A team at Yale School of Medicine has published a study detailing how its use of 3D surgical planning and 3D printing of patient-specific instrumentation is improving results in complex pediatric orthopedic surgeries.

David Frumberg, MD, Associate Professor of Orthopaedics and Rehabilitation at Yale School of Medicine, led the project, which has established a methodology for precision and reduced procedural complexity in the intricacies encountered when operating on children’s developing bone structures.

A team at Yale School of Medicine is using 3D surgical planning printing of patient-specific instrumentation to improve pediatric orthopedic surgical outcomes.
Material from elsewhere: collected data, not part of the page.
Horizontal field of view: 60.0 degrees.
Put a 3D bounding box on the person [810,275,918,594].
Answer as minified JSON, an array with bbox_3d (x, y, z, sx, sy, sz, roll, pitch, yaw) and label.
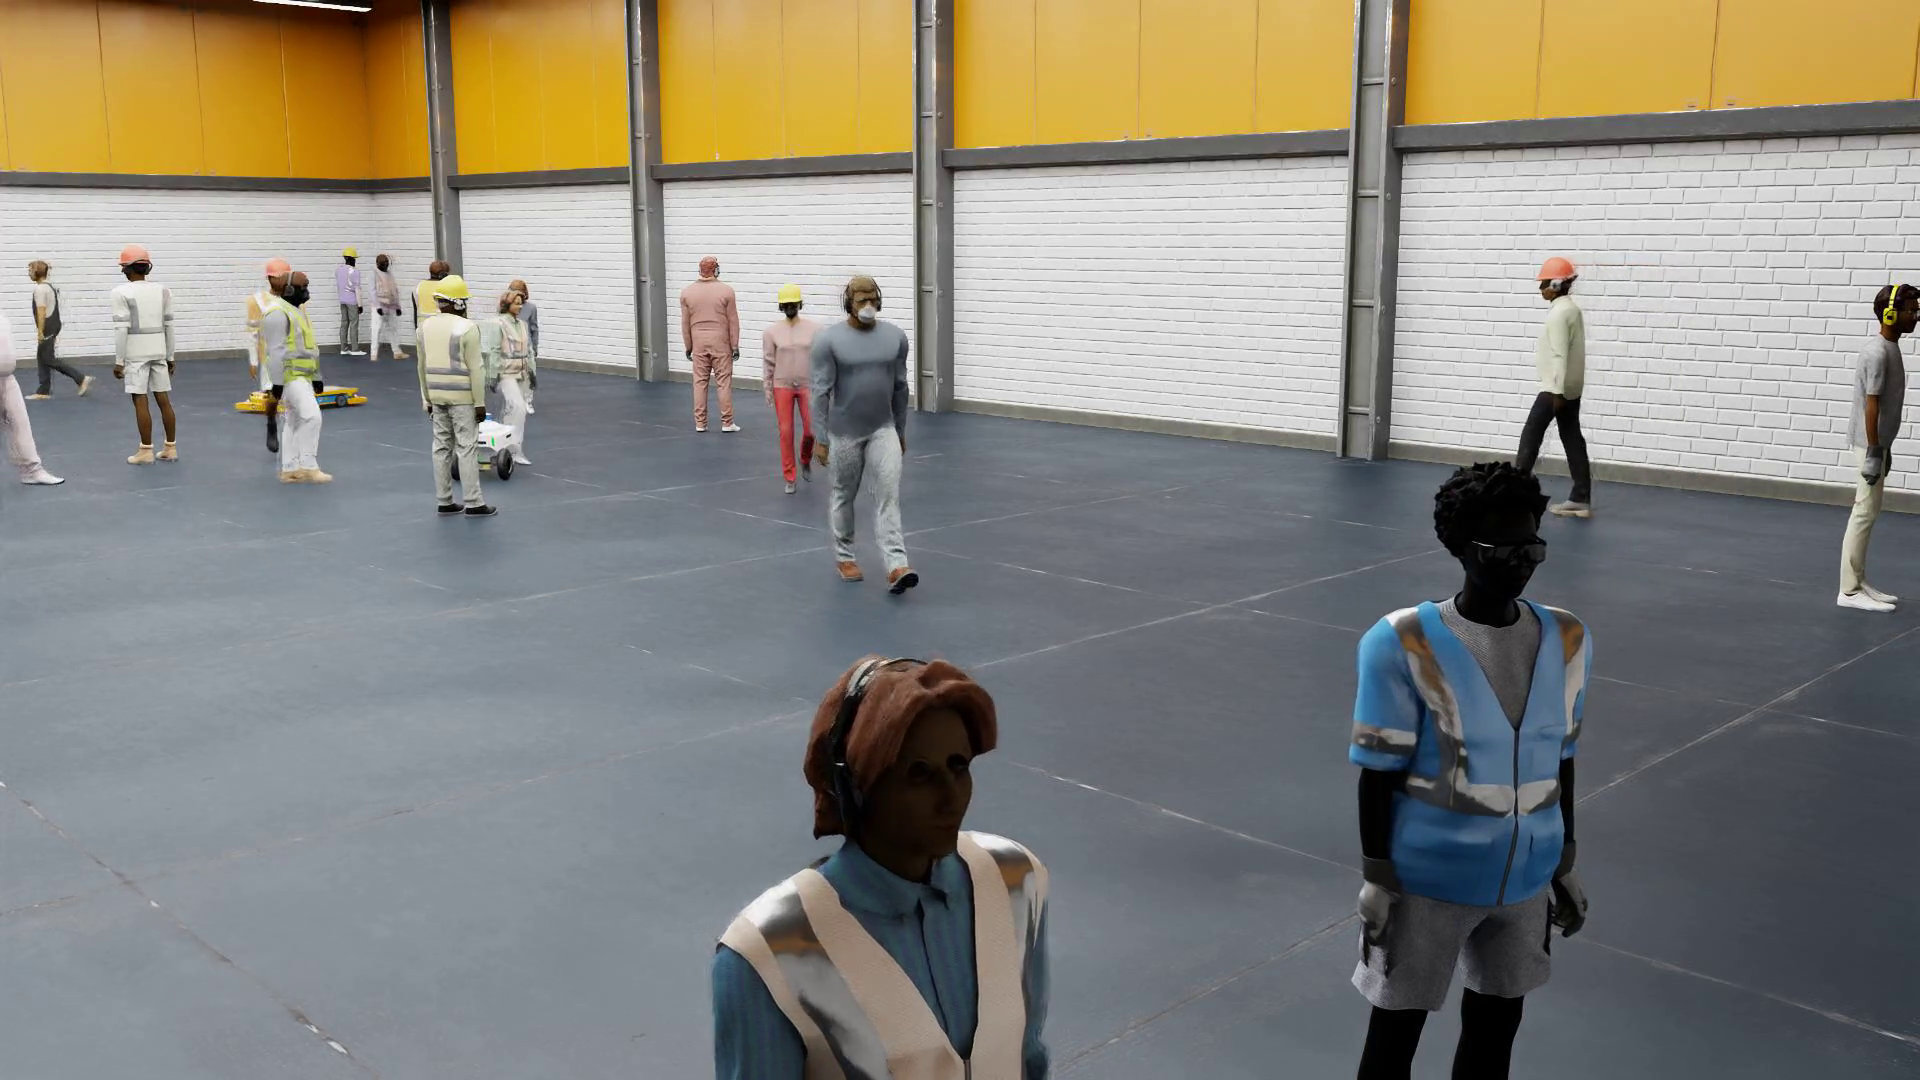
[{"bbox_3d":[-0.564,-0.622,9.939,0.658,1.883,1.012,-4,11,-22],"label":"person"}]

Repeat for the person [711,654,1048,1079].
[{"bbox_3d":[-0.078,0.943,2.100,0.525,1.638,0.315,-10,14,-43],"label":"person"}]

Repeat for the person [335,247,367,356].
[{"bbox_3d":[-10.853,-4.246,29.643,0.580,1.918,0.401,6,12,29],"label":"person"}]

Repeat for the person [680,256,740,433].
[{"bbox_3d":[-2.682,-2.110,18.014,0.639,1.911,0.406,2,11,9],"label":"person"}]

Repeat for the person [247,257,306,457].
[{"bbox_3d":[-6.543,-1.750,16.005,0.575,1.921,0.447,-8,13,-38],"label":"person"}]

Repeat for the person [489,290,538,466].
[{"bbox_3d":[-4.091,-1.498,15.427,0.537,1.618,0.551,3,11,18],"label":"person"}]

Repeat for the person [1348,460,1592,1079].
[{"bbox_3d":[1.031,0.679,3.379,0.529,1.697,0.321,-3,11,-15],"label":"person"}]

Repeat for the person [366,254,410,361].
[{"bbox_3d":[-9.830,-3.987,28.546,0.431,1.812,0.837,5,12,27],"label":"person"}]

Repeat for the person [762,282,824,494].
[{"bbox_3d":[-1.380,-1.269,13.854,0.540,1.750,0.442,-1,10,-7],"label":"person"}]

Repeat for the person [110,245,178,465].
[{"bbox_3d":[-7.619,-1.718,15.505,0.378,2.041,0.616,5,12,27],"label":"person"}]

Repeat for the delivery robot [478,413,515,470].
[{"bbox_3d":[-4.188,-0.876,14.710,0.477,0.478,0.707,0,11,-1],"label":"delivery robot"}]

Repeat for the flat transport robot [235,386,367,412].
[{"bbox_3d":[-8.120,-1.754,20.539,0.652,0.197,1.431,6,12,30],"label":"flat transport robot"}]

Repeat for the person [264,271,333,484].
[{"bbox_3d":[-5.611,-1.382,14.258,0.629,1.822,0.650,-1,10,-4],"label":"person"}]

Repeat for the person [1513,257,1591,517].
[{"bbox_3d":[4.450,-1.166,12.727,0.947,1.951,0.655,7,12,33],"label":"person"}]

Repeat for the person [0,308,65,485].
[{"bbox_3d":[-8.257,-1.365,14.090,0.995,1.861,0.660,0,10,2],"label":"person"}]

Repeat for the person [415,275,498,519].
[{"bbox_3d":[-3.809,-1.076,12.575,0.591,1.834,0.404,5,12,26],"label":"person"}]

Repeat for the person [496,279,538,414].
[{"bbox_3d":[-5.235,-2.274,19.701,0.518,1.619,0.403,-5,12,-27],"label":"person"}]

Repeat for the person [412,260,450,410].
[{"bbox_3d":[-6.372,-2.488,20.317,0.635,1.832,0.434,4,11,20],"label":"person"}]

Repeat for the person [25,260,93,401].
[{"bbox_3d":[-11.713,-2.704,21.493,0.750,1.828,0.514,-4,11,-20],"label":"person"}]

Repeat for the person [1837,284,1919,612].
[{"bbox_3d":[5.249,-0.520,9.495,0.340,1.861,0.519,7,12,32],"label":"person"}]

The team developed a workflow in which high-resolution CT scans are converted into digital 3D models, allowing surgeons to plan and rehearse procedures virtually before a patient enters the operating room. We recently reported on how a urological team at an Italian hospital is successfully using similar processes to reconstruct tumor-affected kidneys.

“Digital modeling allows us to see the hidden complexities of a child’s anatomy,” stated Frumberg. “We can then determine the best way to perform surgery on a computer multiple times before the patient even enters the operating room.”

Once a virtual surgical plan is finalized, engineers produce patient-specific instrumentation using medical-grade 3D printers. The custom guides are designed to fit a specific patient’s bone and direct the surgeon on where to cut and where to place screws, reducing reliance on freehand technique.

The research – published in Orthopedic Clinics – reported that in some cases, operative time was cut in half, intra-operative X-ray use declined, and limb alignment outcomes improved.

As a case study, the paper documented a 13-year-old patient with a severe lower tibia deformity caused by a rare medical condition. Standard surgical options would have required fusing the ankle joint, a procedure that would have significantly limited the patient’s long-term mobility.

“Instead, we used 3D planning to create a joint-preserving strategy,” Frumberg explained. “By using 3D-printed guides, we were able to reshape the inside of the ankle joint and restore its natural alignment. As a result, the young patient regained mobility and returned to the activities he loved.”

The technology appears set to become a standardized tool for a wider range of orthopedic procedures as it becomes more accessible.

“The goal of using 3D surgical planning is simple: improving the lives of children through better technology,” added Frumberg. “It means a surgery is less about ‘one size fits all’ and more about a custom-tailored path to an individual’s recovery.”